To manage the risks explained above, the Document proposes a risk-based and human-centric compliance framework:

  • Risk-Based Approach: Rather than eliminating risks, a framework focusing on appropriate technical and organizational measures should be established, taking into account the autonomy level, use case, and potential impacts of Agentic AI systems. This risk-based approach should be supported by mechanisms capable of adapting to risk profiles that may change over time, and by appropriate data governance practices.
  • Meaningful Human Oversight: Regardless of the system's autonomy level, mechanisms that will engage human oversight and intervention in decision-making stages harboring potential risks must be envisaged. Against the autonomy of Agentic AI systems, human autonomy—which can be expressed as "the abilities of individuals to make decisions, make choices, and have control over their own actions"—must be observed. While determining these mechanisms, at which stage and under what conditions human oversight will be engaged must be clearly defined. In this context, in accordance with the Document:
    • During the development phase, matters such as which data types the system can access and what kinds of decisions it can make must be clearly defined, and these boundaries must be tested;
    • During the deployment phase, mechanisms that can enable additional human oversight in high-risk processes must be in place; and
    • During the post-deployment phase, monitoring, feedback, and evaluation mechanisms must be established for system behaviors, decision-making processes, and other interactions.
  • Ensuring Transparency and Openness: In Agentic AI systems, which have a multi-layered and distributed structure, transparency should be addressed at different levels. To ensure transparency and openness, mechanisms must be established that reveal the interactions among the relevant system components with sufficient clarity and allow the monitoring of system behaviors.
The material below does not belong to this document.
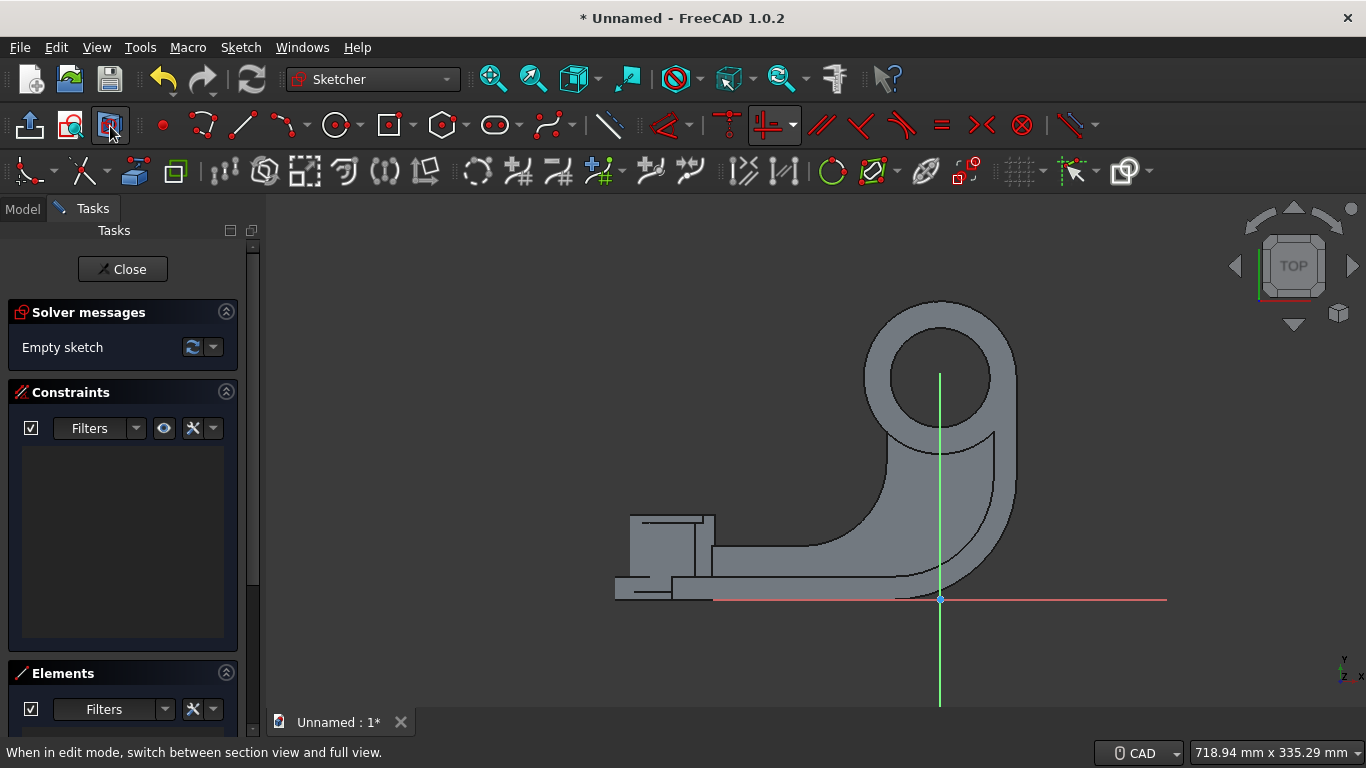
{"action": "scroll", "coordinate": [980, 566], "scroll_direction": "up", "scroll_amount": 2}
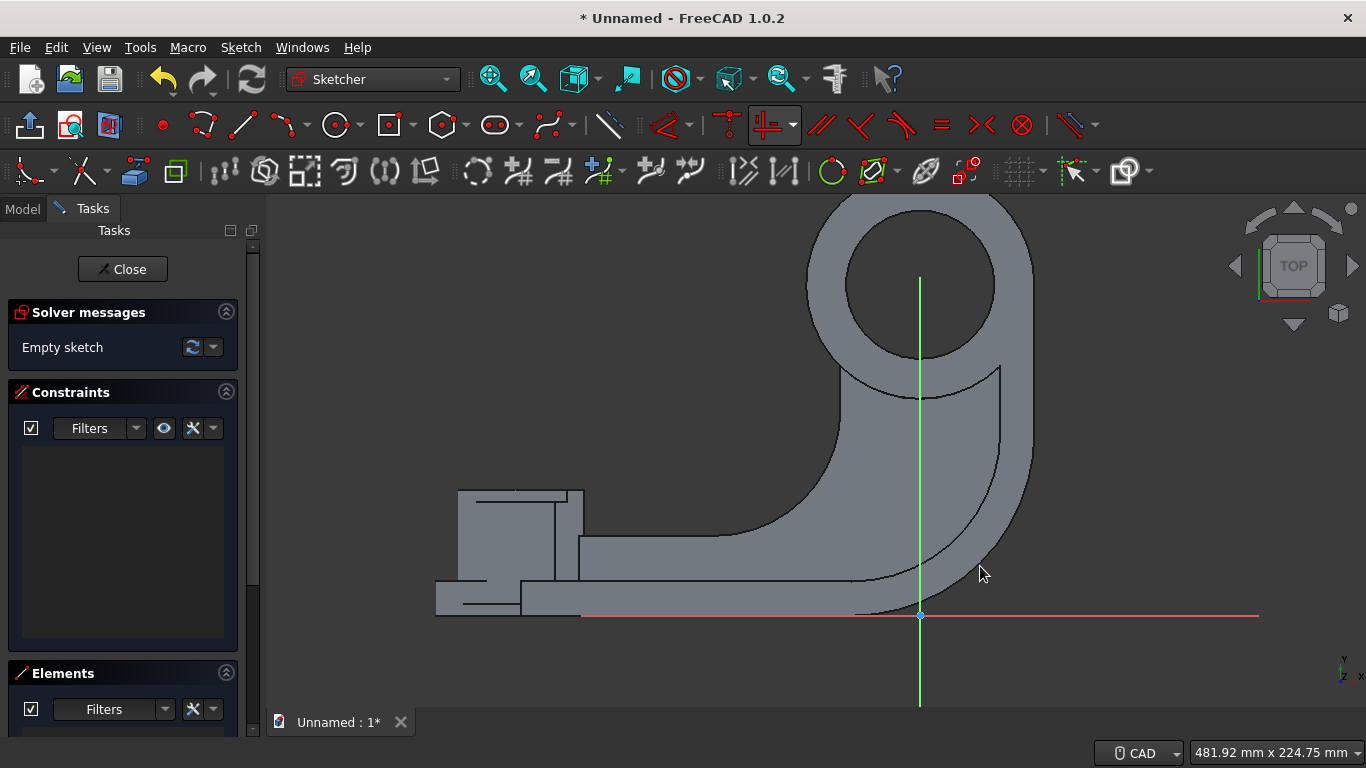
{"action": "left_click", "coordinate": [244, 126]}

Said mechanisms will also assist in effectively ensuring human oversight and detecting negative outcomes at early stages.
  • Observing the Principle of Accuracy: In the event of using Agentic AI systems, the accuracy of personal data must be continuously observed at every stage of the process, and an approach aimed at preserving the currency and contextual appropriateness of the information and outputs used must be adopted.
  • Observing Privacy Throughout the Lifecycle: "Privacy by design" and "privacy by default" approaches must be observed at every stage, and "privacy-enhancing technologies" must be incorporated into the process.
  • Distribution of Responsibility and Impact Assessment: Legal roles between developers and deployers must be clarified; furthermore, mechanisms such as data protection impact assessments must be regularly utilized against potential risks. At this point, an understanding of cooperation based on the differentiation of roles among stakeholders and observing coordination must be adopted.

7-  Conclusion and Assessment

This Document, published by the Authority, analyzes the evolution of autonomy in AI technologies and the potential repercussions of this evolution on the protection of personal data. It clearly demonstrates that, rather than prohibiting the use of autonomous systems, they should be established on a transparent and accountable ground within the framework of risk management and corporate governance. It is a necessity for data controllers to observe privacy requirements while determining the goals of the systems, to make the distribution of roles transparent, and to place human oversight at the center of the process, to sustain technological efficiency and legal compliance together.